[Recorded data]
▬▬▬

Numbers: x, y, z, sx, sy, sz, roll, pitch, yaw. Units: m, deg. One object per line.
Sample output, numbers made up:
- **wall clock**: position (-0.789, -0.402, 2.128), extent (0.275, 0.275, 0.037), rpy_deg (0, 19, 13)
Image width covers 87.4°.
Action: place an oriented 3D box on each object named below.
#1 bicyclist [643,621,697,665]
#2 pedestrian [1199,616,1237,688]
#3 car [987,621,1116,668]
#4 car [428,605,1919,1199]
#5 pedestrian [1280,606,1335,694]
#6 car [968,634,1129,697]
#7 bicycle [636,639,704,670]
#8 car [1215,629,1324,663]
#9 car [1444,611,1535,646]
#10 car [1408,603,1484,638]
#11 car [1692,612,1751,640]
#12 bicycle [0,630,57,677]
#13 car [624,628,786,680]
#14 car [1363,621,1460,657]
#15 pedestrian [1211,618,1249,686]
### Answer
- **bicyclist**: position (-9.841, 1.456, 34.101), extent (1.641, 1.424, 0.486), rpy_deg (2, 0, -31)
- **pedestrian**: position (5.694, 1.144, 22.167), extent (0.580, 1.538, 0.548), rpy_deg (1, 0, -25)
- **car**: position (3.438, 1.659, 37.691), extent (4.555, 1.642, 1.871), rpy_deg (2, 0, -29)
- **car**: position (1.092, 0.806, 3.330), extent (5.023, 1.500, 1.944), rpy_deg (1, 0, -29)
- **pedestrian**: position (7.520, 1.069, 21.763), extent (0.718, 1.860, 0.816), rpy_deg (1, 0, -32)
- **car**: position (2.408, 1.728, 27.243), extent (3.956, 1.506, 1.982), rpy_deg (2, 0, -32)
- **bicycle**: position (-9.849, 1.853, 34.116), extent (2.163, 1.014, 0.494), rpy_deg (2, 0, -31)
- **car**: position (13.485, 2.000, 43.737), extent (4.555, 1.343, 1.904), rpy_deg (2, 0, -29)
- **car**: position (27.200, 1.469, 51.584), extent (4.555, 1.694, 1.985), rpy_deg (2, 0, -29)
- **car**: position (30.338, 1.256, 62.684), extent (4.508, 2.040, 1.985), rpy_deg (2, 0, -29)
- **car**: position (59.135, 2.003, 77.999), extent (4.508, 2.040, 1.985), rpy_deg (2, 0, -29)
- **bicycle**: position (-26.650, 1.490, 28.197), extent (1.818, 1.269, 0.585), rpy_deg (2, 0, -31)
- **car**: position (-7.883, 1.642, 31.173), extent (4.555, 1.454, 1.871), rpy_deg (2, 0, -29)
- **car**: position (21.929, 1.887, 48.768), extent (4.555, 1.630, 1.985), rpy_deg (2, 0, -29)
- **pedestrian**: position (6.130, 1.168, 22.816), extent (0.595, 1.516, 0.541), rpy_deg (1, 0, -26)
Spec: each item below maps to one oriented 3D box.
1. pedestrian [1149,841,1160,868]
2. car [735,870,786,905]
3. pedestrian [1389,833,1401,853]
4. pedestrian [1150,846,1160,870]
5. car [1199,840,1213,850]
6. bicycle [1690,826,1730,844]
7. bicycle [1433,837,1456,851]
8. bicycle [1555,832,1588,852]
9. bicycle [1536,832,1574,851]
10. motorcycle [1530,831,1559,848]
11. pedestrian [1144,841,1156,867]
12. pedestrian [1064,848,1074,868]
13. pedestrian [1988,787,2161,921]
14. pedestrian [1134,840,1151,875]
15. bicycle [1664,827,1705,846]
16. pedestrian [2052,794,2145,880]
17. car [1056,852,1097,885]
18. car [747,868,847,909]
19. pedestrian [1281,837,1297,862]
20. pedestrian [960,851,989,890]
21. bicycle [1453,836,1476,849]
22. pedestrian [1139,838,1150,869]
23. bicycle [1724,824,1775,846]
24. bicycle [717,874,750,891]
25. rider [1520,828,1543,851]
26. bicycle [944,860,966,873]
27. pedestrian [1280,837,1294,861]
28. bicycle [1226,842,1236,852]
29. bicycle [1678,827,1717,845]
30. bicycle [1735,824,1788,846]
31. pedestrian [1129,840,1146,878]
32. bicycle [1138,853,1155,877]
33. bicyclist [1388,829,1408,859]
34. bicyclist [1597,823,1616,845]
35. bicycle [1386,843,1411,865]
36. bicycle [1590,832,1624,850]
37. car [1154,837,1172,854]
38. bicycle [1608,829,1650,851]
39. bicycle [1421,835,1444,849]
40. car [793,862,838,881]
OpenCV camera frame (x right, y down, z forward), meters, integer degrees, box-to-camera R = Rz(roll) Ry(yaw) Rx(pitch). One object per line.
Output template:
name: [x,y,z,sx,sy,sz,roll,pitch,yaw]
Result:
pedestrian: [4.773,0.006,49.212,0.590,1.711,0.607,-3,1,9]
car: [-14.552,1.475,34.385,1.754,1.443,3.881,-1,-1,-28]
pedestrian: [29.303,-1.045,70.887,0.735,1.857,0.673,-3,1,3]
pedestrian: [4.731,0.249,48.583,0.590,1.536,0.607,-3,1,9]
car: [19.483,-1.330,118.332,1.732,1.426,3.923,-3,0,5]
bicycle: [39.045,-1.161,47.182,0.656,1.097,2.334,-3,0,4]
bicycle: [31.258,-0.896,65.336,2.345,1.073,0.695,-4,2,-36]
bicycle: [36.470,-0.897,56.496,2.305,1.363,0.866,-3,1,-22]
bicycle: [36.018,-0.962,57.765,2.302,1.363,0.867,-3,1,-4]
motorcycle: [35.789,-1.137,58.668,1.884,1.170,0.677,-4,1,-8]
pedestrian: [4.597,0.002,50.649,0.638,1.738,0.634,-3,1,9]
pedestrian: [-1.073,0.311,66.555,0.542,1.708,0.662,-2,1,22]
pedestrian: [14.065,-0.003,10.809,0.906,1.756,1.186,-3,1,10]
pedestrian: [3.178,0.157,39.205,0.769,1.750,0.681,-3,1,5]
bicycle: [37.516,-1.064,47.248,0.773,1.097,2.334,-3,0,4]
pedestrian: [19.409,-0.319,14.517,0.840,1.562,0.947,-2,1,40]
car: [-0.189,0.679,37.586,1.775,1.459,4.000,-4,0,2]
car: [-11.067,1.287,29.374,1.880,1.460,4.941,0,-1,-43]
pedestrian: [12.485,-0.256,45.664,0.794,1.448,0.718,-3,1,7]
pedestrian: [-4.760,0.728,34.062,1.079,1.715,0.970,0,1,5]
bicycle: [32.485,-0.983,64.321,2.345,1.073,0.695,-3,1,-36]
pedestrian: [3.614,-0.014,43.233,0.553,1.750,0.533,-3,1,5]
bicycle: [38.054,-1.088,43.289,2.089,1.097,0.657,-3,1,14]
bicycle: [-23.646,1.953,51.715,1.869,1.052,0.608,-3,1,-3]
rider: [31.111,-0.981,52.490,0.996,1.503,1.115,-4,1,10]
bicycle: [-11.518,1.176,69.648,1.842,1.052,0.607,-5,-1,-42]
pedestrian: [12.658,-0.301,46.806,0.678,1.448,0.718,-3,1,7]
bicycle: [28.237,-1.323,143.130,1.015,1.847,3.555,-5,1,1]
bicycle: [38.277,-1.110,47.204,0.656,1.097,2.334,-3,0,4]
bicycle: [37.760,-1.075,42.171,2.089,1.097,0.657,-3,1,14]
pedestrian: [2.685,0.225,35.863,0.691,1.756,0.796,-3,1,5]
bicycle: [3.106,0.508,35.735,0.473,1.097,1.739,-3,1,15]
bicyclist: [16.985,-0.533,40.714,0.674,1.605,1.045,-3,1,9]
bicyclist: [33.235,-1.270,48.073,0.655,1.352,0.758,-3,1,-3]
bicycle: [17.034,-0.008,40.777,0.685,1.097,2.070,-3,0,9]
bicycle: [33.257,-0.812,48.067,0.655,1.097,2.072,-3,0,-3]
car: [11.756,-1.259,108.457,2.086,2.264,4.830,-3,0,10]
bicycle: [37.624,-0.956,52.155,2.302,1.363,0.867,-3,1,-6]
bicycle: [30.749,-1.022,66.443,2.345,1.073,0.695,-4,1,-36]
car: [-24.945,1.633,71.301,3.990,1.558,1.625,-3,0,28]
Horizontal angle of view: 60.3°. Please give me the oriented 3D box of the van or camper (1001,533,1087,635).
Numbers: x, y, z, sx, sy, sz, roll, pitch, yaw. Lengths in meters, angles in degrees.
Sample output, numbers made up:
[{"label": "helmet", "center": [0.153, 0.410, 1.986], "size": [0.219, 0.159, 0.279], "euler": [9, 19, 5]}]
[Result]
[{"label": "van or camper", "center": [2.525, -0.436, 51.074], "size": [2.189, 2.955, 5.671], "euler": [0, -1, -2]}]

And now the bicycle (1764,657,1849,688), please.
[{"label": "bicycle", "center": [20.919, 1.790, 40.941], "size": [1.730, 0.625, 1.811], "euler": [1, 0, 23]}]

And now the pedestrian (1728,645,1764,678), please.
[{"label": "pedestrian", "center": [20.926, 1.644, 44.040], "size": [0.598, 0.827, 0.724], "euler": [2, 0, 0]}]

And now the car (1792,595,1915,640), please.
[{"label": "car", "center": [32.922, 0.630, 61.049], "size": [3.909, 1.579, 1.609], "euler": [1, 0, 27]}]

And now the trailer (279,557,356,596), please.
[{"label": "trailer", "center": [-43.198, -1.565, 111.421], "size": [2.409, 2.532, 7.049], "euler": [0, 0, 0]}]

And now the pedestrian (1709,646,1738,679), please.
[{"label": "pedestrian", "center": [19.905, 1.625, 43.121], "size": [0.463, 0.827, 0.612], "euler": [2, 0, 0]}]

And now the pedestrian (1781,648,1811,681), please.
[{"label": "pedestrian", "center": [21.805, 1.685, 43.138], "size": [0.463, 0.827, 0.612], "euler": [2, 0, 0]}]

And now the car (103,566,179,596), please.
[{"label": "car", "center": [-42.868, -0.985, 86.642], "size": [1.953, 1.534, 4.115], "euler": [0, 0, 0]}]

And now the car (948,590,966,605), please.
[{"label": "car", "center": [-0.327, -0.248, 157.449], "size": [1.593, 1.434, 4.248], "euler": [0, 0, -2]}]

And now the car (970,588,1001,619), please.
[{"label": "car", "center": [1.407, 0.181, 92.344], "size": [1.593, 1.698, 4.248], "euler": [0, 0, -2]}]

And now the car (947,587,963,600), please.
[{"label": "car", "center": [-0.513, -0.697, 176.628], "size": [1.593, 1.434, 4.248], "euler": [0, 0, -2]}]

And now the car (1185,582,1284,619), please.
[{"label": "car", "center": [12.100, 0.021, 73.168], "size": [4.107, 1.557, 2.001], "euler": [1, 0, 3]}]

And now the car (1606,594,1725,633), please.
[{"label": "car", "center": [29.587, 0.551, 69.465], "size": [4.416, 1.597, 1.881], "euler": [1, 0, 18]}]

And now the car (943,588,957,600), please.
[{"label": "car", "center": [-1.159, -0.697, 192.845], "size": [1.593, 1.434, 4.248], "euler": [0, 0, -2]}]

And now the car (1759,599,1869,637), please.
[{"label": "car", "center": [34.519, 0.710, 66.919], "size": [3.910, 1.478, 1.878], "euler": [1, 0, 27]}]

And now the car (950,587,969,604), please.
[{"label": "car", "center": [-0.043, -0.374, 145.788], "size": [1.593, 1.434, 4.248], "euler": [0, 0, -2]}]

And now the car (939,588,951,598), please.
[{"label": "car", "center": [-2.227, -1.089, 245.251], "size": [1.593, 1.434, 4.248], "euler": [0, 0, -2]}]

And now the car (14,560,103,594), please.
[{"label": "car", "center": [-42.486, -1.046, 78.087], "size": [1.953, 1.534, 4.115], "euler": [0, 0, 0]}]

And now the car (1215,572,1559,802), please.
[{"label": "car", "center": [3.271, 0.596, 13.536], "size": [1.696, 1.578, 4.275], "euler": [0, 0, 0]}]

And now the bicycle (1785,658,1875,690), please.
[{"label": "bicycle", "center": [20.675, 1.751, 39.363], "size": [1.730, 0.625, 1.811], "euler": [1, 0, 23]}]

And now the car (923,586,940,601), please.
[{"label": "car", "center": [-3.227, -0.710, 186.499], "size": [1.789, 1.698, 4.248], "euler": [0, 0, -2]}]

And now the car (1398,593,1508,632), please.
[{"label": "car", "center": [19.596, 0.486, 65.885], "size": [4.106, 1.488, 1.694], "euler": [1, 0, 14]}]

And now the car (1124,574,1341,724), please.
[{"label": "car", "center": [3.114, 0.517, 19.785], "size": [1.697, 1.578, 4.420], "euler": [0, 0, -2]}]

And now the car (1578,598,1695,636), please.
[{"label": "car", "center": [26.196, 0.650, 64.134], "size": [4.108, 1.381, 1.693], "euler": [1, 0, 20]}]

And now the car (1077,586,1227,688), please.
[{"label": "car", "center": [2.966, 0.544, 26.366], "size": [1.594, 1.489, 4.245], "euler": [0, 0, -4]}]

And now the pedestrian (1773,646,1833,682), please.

▬▬▬

_WHAT YOU NEED TO DO_. Please quote exactly the lines from the one containing "And now the car (939,588,951,598), please." through the last line of the records above, both included, and nothing else.

_ANSWER TO THIS PROBLEM_.
And now the car (939,588,951,598), please.
[{"label": "car", "center": [-2.227, -1.089, 245.251], "size": [1.593, 1.434, 4.248], "euler": [0, 0, -2]}]

And now the car (14,560,103,594), please.
[{"label": "car", "center": [-42.486, -1.046, 78.087], "size": [1.953, 1.534, 4.115], "euler": [0, 0, 0]}]

And now the car (1215,572,1559,802), please.
[{"label": "car", "center": [3.271, 0.596, 13.536], "size": [1.696, 1.578, 4.275], "euler": [0, 0, 0]}]

And now the bicycle (1785,658,1875,690), please.
[{"label": "bicycle", "center": [20.675, 1.751, 39.363], "size": [1.730, 0.625, 1.811], "euler": [1, 0, 23]}]

And now the car (923,586,940,601), please.
[{"label": "car", "center": [-3.227, -0.710, 186.499], "size": [1.789, 1.698, 4.248], "euler": [0, 0, -2]}]

And now the car (1398,593,1508,632), please.
[{"label": "car", "center": [19.596, 0.486, 65.885], "size": [4.106, 1.488, 1.694], "euler": [1, 0, 14]}]

And now the car (1124,574,1341,724), please.
[{"label": "car", "center": [3.114, 0.517, 19.785], "size": [1.697, 1.578, 4.420], "euler": [0, 0, -2]}]

And now the car (1578,598,1695,636), please.
[{"label": "car", "center": [26.196, 0.650, 64.134], "size": [4.108, 1.381, 1.693], "euler": [1, 0, 20]}]

And now the car (1077,586,1227,688), please.
[{"label": "car", "center": [2.966, 0.544, 26.366], "size": [1.594, 1.489, 4.245], "euler": [0, 0, -4]}]

And now the pedestrian (1773,646,1833,682), please.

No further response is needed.